For today, we reflect on our God, his gifts of joy, peace, and hope. I believe.

Wednesday, December 23, 2015

The US Embassy and My Christmas Miracle (with a hint of Star Wars and Steve Harvey)


I remember the question a new intern gave to me, "When am I going to see miracles?" I was slightly irritated. I just don't have those on tap. Sure, we've seen some, but I guess I'm just not missionary enough for those to be a daily thing.

I like the answer Han Solo gave to the newbies he found on his ship, "It's true. All of it. The Dark Side, the Jedi. They're real." That's it, yes its all true. We have tough days, we have boring days... and then there are days when we just need a miracle.

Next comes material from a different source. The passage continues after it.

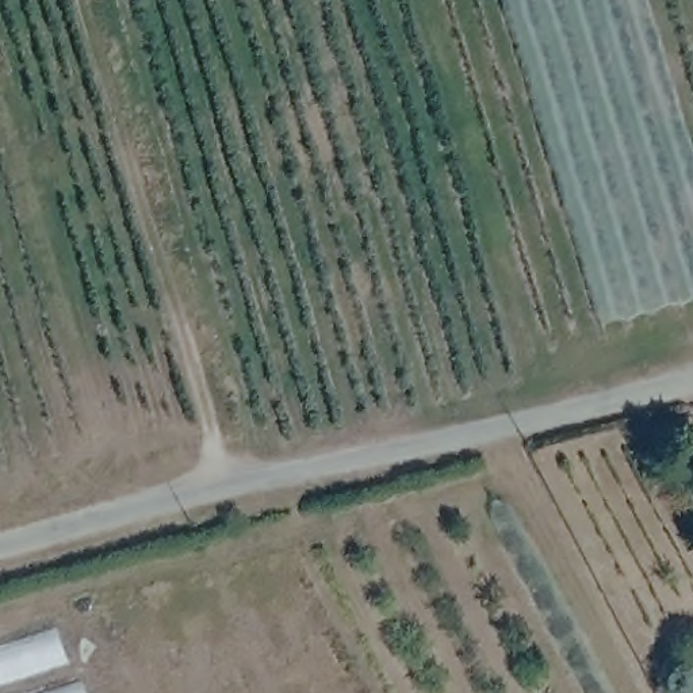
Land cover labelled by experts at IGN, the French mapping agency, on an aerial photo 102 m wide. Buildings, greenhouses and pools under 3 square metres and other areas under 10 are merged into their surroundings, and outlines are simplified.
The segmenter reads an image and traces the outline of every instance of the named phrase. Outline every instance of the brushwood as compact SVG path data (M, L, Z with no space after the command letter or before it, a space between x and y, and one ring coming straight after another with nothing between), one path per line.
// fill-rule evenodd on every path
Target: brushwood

I woke up before my alarm and watched the digital figures with dread. It was just two days before Christmas and the idea of driving through the capital to reach the US Embassy worried me to my core. Throw me out in the bush and I'm comfortable, maybe that's just my country upbringing. But I detest driving through Guatemala City. 

Last night I knelt at my bed and I prayed, "Lord, I need a Christmas miracle on this."

My US Passport expires on January 5. The matter is complicated by a couple of factors: the Embassy is changing their procedures, and our Guatemalan residency is about to process. The change in procedure is effective January 1, 2016 and requires all passport renewals to be done by appointment. The first available date is February 17. Our residency will be completed before then, and so I am in a bind.

The website of the Embassy gave conflicting information and the links to the necessary forms were broken. Nonetheless, I found an old link, completed the form, printed it out, and decided I'd just wing it. I'd walk into the embassy and plead my case. I've psyched myself up for this for the past week. I knew that I would have to go in with a determined, humble boldness.

Waze didn't fail me and I parked in a safe location and walked towards the hardened location of the US Embassy. Massive crowds stood in long lines. It was 7:40 in the morning, and it looked like I was the last to arrive. 

I heard a voice to my left. It was a Guatemalan woman. I can't explain this, I didn't know her, but she felt familiar. I knew that I needed to trust her. She spoke only in Spanish, and it was difficult for me to understand her, but from where she stood, she guided me past the masses, into the express line for US Citizens, and I was on the inside within a few short minutes.

You have to guard against unfortunate oddities here than can unintentionally wreck your day. The security of the Embassy is high and I wasn't permitted to enter with my mobile phone. The guard took my phone, and seized my passport. He said that he had to keep them both. This was a problem because I needed my passport in order to renew it. He held his ground. I could leave, or give him my passport. Day-wrecker! 

I reached into my wallet and gave him my US Driver License. Like a Jedi I waved my hand across the air between us and I said, "This is sufficient." I nearly burst out laughing as he said, "Esto es suficiente." Apparently I have both Jedi mind skills and the gift of tongues today.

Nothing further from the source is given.